### PROBLEM REQUIREMENTS
Where does the string "object" appear in the material? Copy each line that holds it.
* * * * *
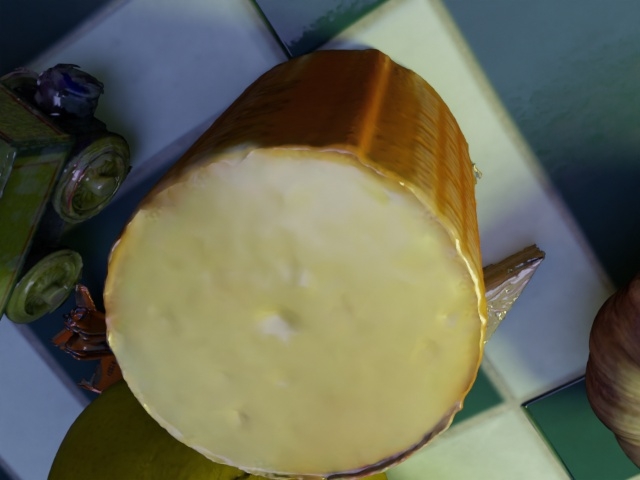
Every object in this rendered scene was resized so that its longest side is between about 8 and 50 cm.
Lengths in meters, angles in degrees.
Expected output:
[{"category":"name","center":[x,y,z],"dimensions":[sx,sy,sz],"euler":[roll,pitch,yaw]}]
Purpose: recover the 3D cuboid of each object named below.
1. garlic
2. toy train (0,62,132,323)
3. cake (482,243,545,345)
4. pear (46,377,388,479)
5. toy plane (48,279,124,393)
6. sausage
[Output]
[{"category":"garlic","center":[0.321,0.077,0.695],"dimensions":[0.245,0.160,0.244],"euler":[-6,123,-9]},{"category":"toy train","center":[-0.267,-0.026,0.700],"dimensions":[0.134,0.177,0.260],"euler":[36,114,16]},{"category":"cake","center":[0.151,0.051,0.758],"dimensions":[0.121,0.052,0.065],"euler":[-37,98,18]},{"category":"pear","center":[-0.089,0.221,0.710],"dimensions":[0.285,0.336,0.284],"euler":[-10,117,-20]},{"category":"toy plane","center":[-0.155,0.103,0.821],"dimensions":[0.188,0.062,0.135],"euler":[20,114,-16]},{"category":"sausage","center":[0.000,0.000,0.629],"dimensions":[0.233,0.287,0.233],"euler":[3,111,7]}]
* * * * *
### SOLUTION TO THIS EXERCISE
Every object in this rendered scene was resized so that its longest side is between about 8 and 50 cm.
Purpose: recover the 3D cuboid of each object named below.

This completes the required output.